→ **Task requirements**:
With pictures removed, the data below should be returned exactly.
......
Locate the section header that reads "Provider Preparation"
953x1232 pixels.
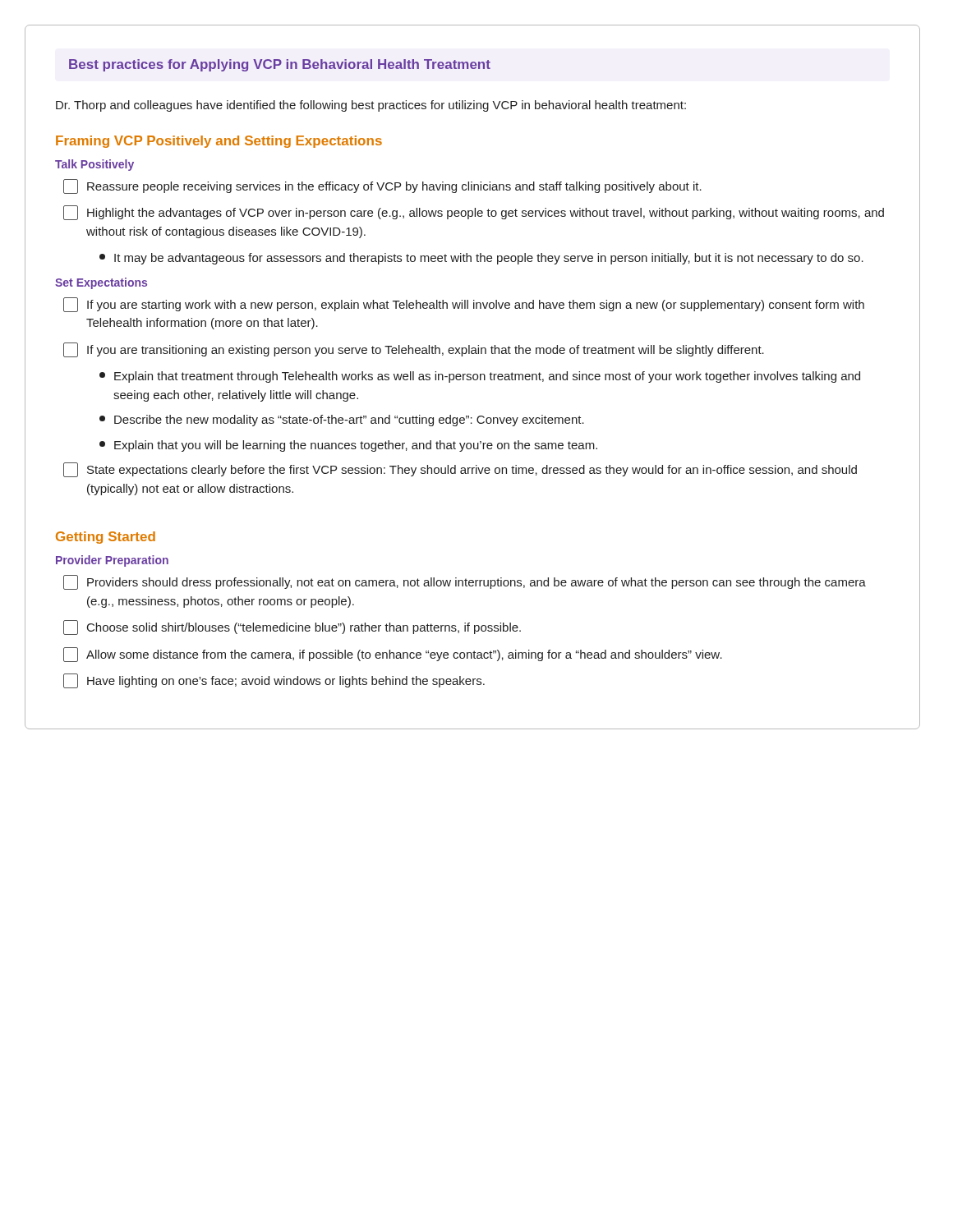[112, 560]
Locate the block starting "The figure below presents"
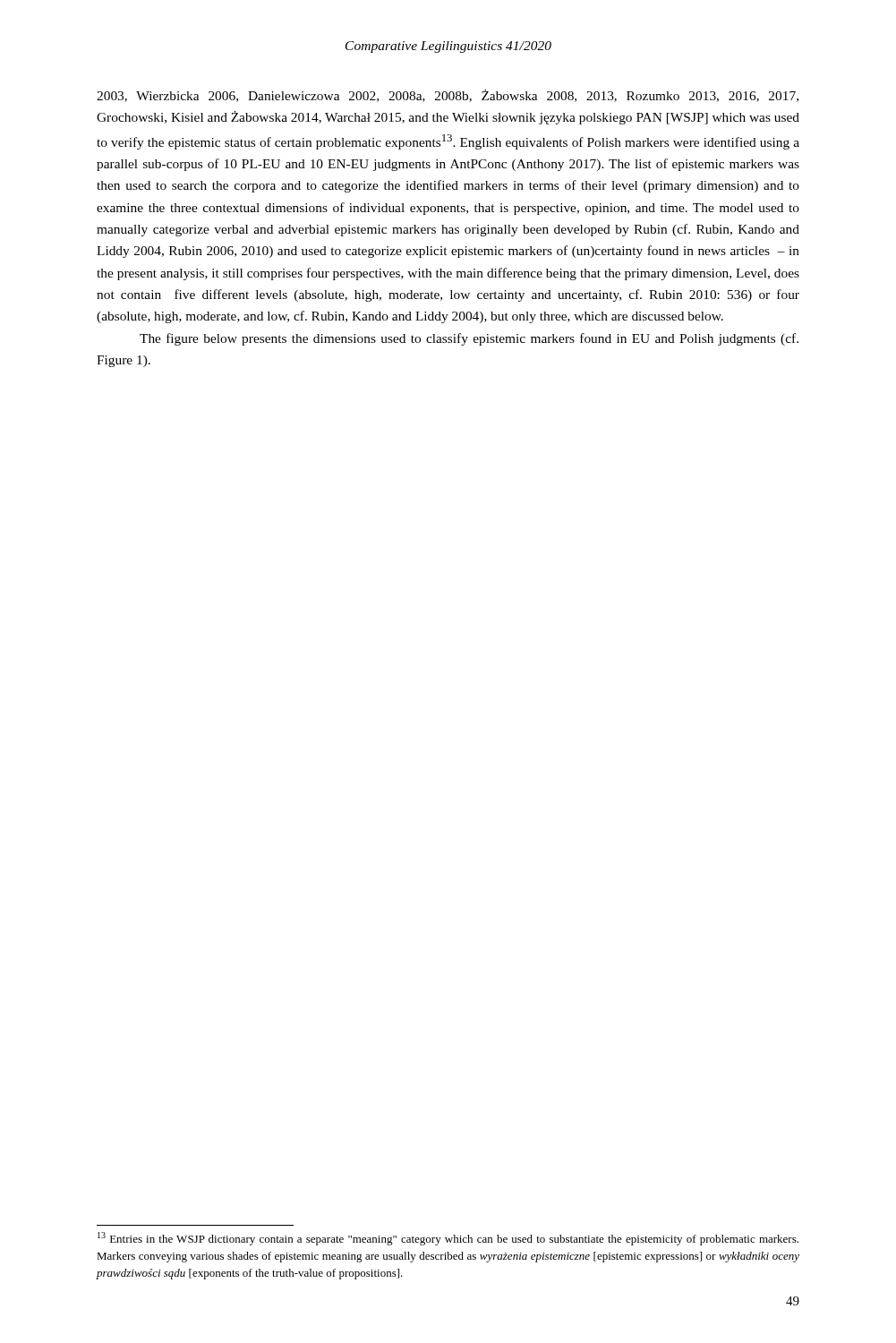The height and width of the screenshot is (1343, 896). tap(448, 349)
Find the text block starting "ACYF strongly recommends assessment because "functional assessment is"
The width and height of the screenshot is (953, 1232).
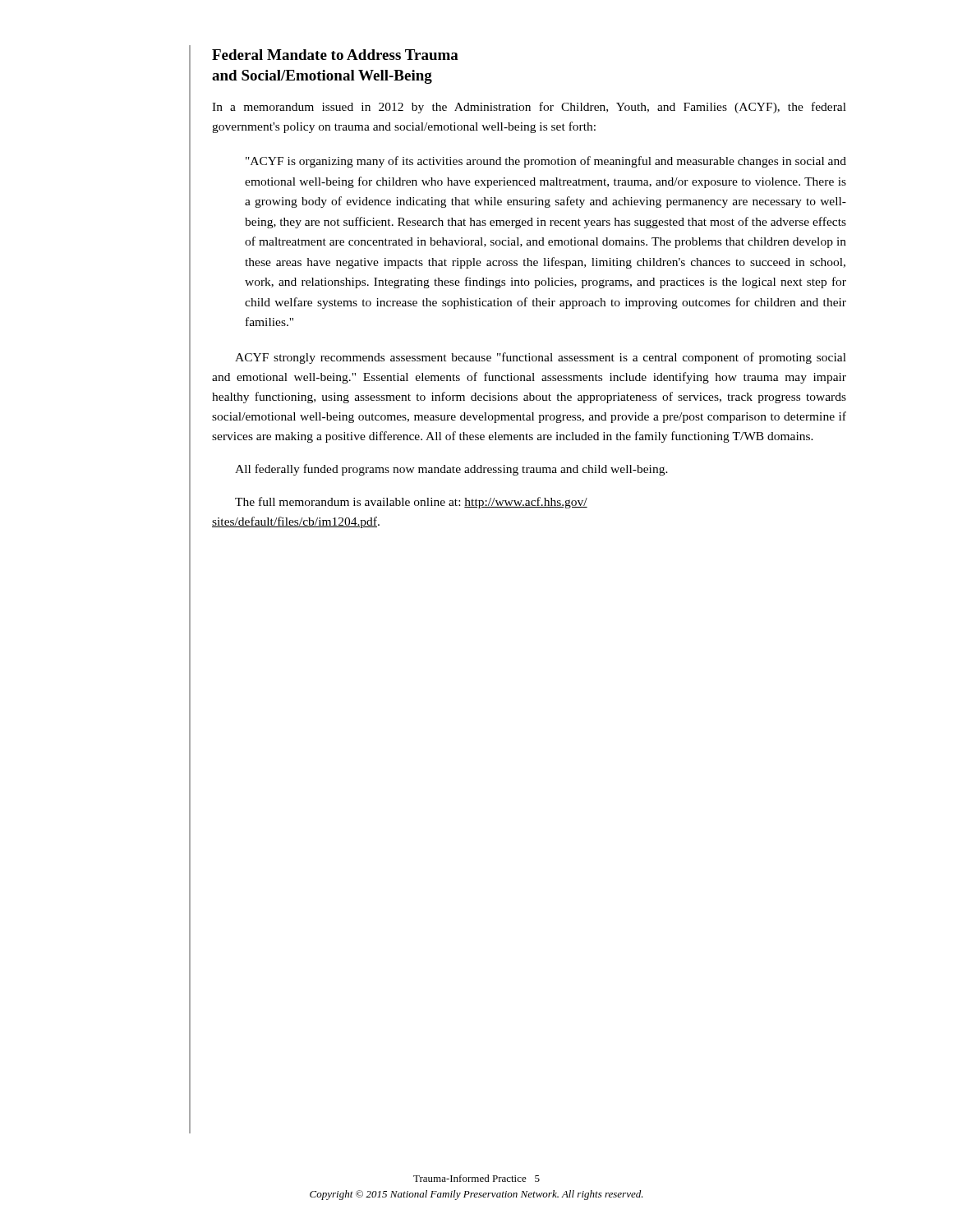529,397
......
→ **Problem solution**:
Locate the section header that reads "Provider Preparation"
953x1232 pixels.
[112, 560]
Locate the block starting "The figure below presents"
The height and width of the screenshot is (1343, 896). tap(448, 349)
Find the text block starting "ACYF strongly recommends assessment because "functional assessment is"
The width and height of the screenshot is (953, 1232).
529,397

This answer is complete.